# Pantry Moth Larvae



## gjmq (Apr 4, 2013)

During the summer, we had a pantry moth problem that was seemingly solved by the end of august. Since then, we haven't seen any moths. However, during mid-October, we began seeing ONLY larvae/worms all over the kitchen ceiling. We are not actively seeing where they are coming from, nothing new appears while observing for a few minutes, but every day, after removing a batch of 10, sure enough ten more worms are spread out later in day or morning. I am out of the loop as to what is going on here? In the summer, you could clearly see the entire process, cocoon, larvae/worm, and then certainly the moths, and moths mating. Where are these larvae coming from so consistently/rampantly? Advice to clear this ceiling is appreciated. Food is well-sealed.


----------



## ront02769 (Nov 28, 2008)

If by "food is well sealed" you mean that EVERY bit of pasta, spices, flour, cereal, etc. is in the solid plexiglass boxes with a tight lid like you get at bed, bath and beyond, ok. If you. Just looked and saw that the PACKAGES themselves are sealed, start again...because the moths burrow through the plastic, cardboard, etc and live inside the things. Basically, take everything out of the cupboard.....and insect bomb the thing, and then wash everything down. Then take everything in a sealed can or unopened bottle, wash it off, and put it back. Throw out all of the boxes of whatever. Sealed spices should be ok if in a jar or sealed can. But anything with a lid that slides aside (paprika, anything with a slide aside cover, toss). Then put a couple of those pheromone traps in the cupboard. Ron


----------



## gjmq (Apr 4, 2013)

Any explanation on why zero moths, and where the larvae are coming from?


----------



## Ron6519 (Mar 28, 2007)

gjmq said:


> Any explanation on why zero moths, and where the larvae are coming from?
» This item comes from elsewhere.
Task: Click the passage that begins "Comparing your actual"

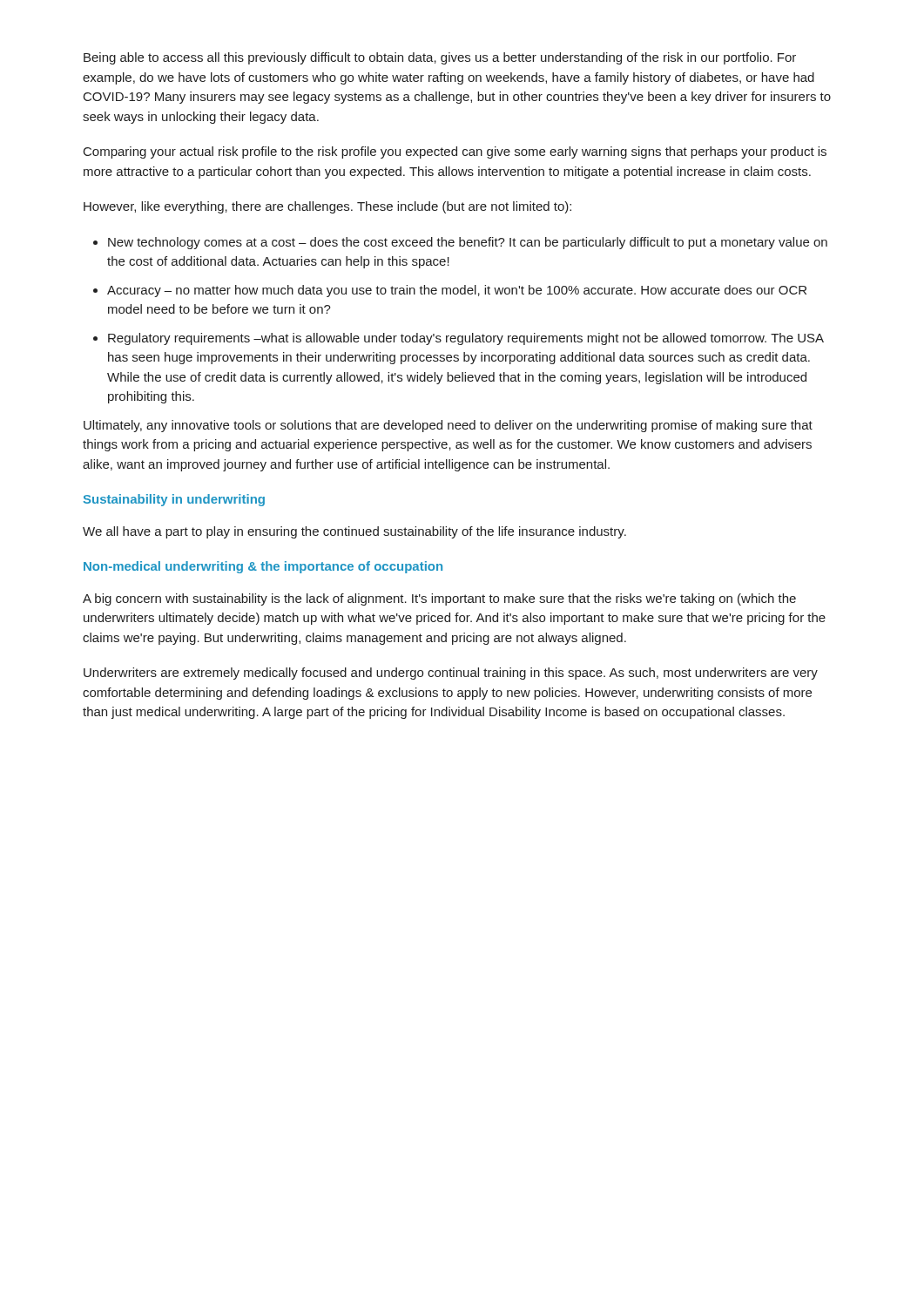Action: click(x=455, y=161)
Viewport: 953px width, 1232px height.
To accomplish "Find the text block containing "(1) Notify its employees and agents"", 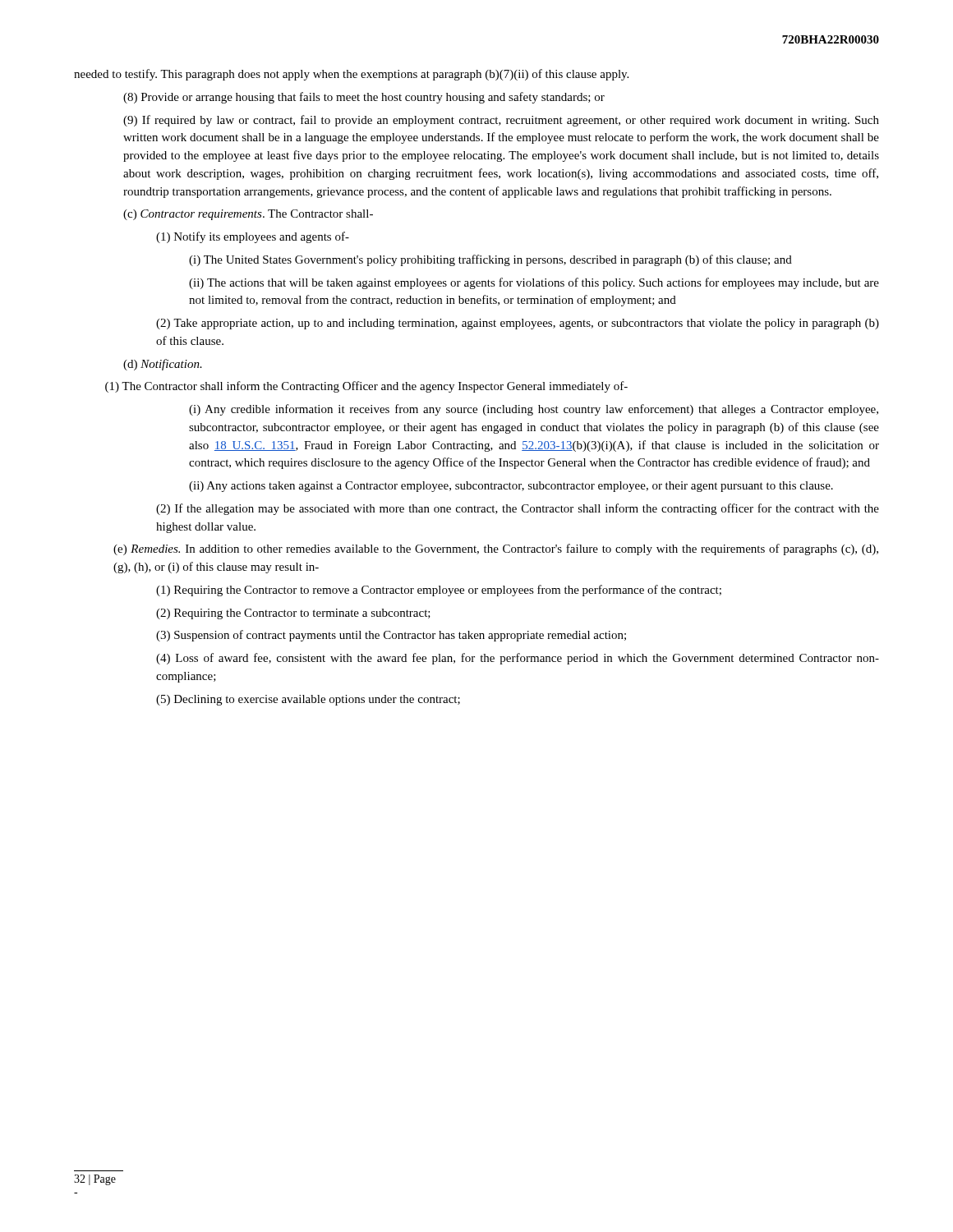I will pos(253,237).

They hatch from inside the cartons. There is bug eggs in most of the flour products that are produced. If you look closely, you'll see rat hairs as well. There are actually allowable levels of both. Bon appetit!


----------



## ocoee (May 31, 2007)

If you get some Allure Indian Meal Moth traps you find that you do indeed have adults, but kit is possible that you have eliminated or reduced the adult population and now the young are emerging, or you could have brought in something that was carrying eggs.
The source of th infestation can be fairly far away from where you are finding the larvae.


----------